One could expand artifacts.ci.freebsd.org *.txz materials
into ~/chroot-system/ instead. The above is just one way
of populating ~/chroot-system/ initially.

For now, I will not show later updating to a newer system
in ~/chroot-system/ . There are more choices to make for
what, if anything, should be preserved or adjsuted by such
an update.

The following definitions do not survive RPI* reboots . . .

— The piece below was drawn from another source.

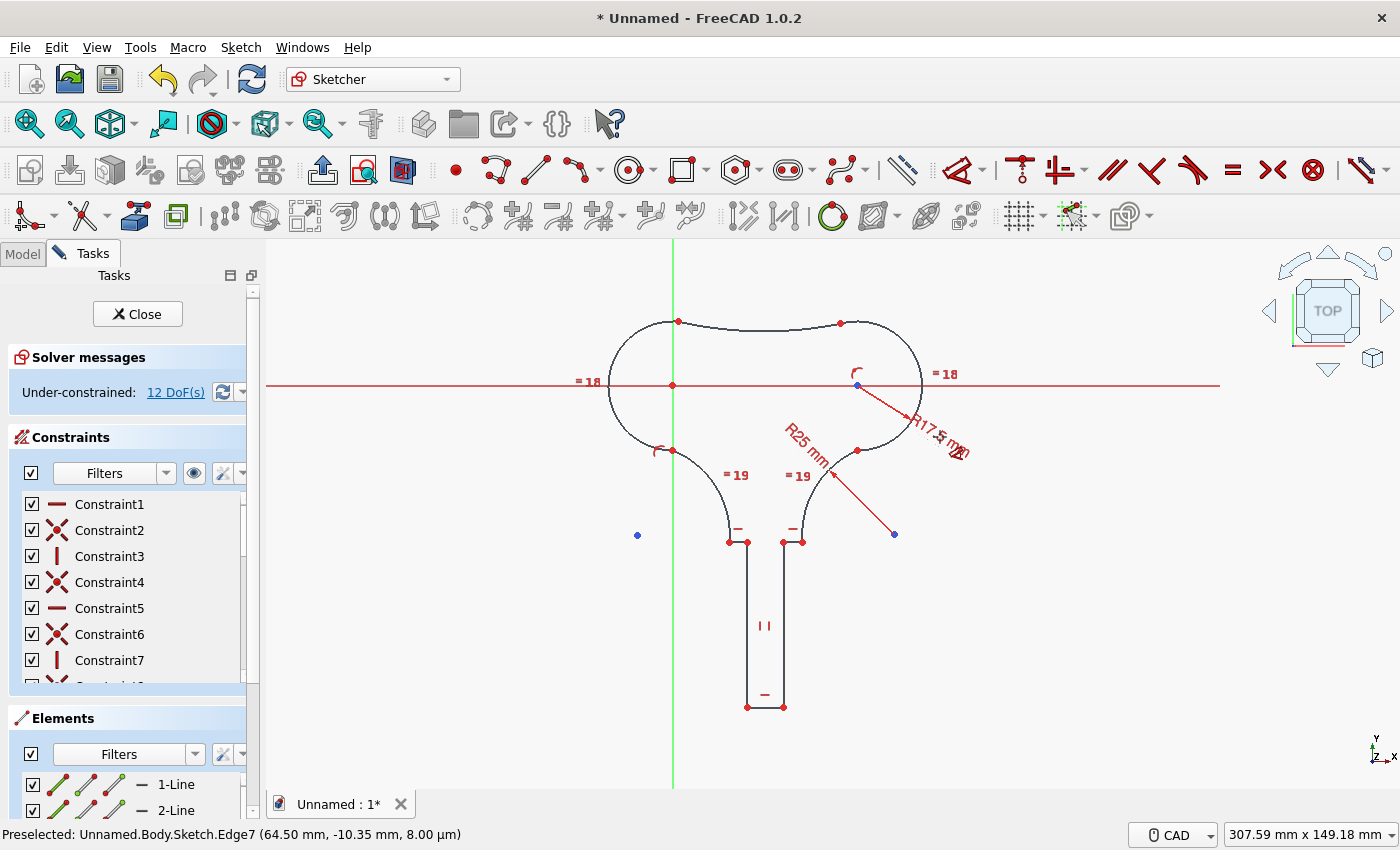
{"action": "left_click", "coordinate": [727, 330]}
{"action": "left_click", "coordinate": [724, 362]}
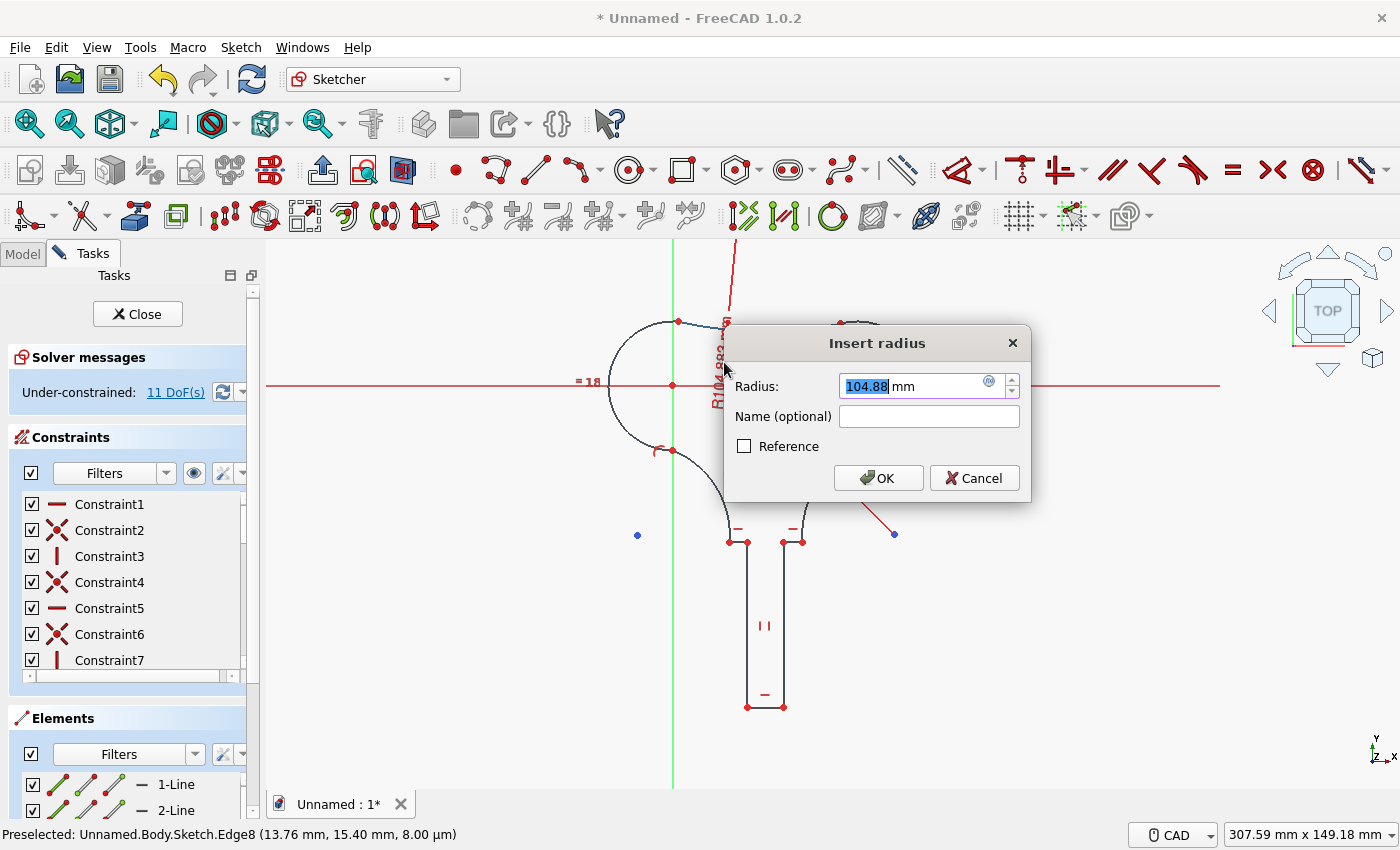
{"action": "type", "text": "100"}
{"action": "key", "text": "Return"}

# mount -tdevfs devfs ~/chroot-system/dev
# mkdir -p ~/chroot-system/usr/src/ ~/chroot-system/usr/ports/
# mount_nullfs /usr/src ~/chroot-system/usr/src
# mount_nullfs /usr/ports ~/chroot-system/usr/ports

The ~/chroot-system/dev is what allows /dev/null and
other such to work in  the chroot context.

Instead of nullfs mounts you could establish independent
instances. ~/chroot-system/usr/src/ should track whatever
world was put inside ~/chroot-system/ .

Use via . . .

(You may have tailoring of the environment that you want
to set up in the chroot. I do not show anything for that.
This could include things like setting up /etc/make.conf
and /etc/src.conf files in the chroot.)

# chroot ~/chroot-system/
# pwd
/
# . . .
# cd /usr/ports/devel/llvm10/
# make . . .
. . .
# exit

Until you exit from the chroot, you will not see the file
system that is outside ~/chroot-system/ (other than via the
special mounts that were set up earlier above). From the
overall system view that / in the chroot's operation is
implicitly a reference to ~/chroot-system/ as if it was a
root file system. Inside the chroot, ~/ is a reference
to a different place than it was outside the chroot.

Note that even pkg will have to be bootstrapped as if this
was a separate, new root filesystem.

I'll note that modern main can have chroot worlds that are
stable/13 or releng/13 based instead of main based (a
releng/13 example from my context):

# uname -apKU
FreeBSD CA72_4c8G_ZFS 14.0-CURRENT FreeBSD 14.0-CURRENT #7 main-n247651-a00d703f2f43-dirty: Wed Jun 30 15:11:11 PDT 2021     root@CA72_16Gp_ZFS:/usr/obj/BUILDs/main-CA72-nodbg-clang/usr/main-src/arm64.aarch64/sys/GENERIC-NODBG-CA72  arm64 aarch64 1400024 1300139

On the aarch64 RPi*'s the world could even be arm.armv7
based instead of arm64.aarch64 based (stable/13 example):

# uname -apKU
FreeBSD CA72_4c8G_ZFS 14.0-CURRENT FreeBSD 14.0-CURRENT #7 main-n247651-a00d703f2f43-dirty: Wed Jun 30 15:11:11 PDT 2021     root@CA72_16Gp_ZFS:/usr/obj/BUILDs/main-CA72-nodbg-clang/usr/main-src/arm64.aarch64/sys/GENERIC-NODBG-CA72  arm armv7 1400024 1300510

I'll note that deleting ~/chroot-system from ouside the
chroot is a 2 step process because of some special file
protections:

# chflags -R noschg ~/chroot-system/
# rm -fr ~/chroot-system

===
Mark Millard
marklmi at yahoo.com
( dsl-only.net went
away in early 2018-Mar)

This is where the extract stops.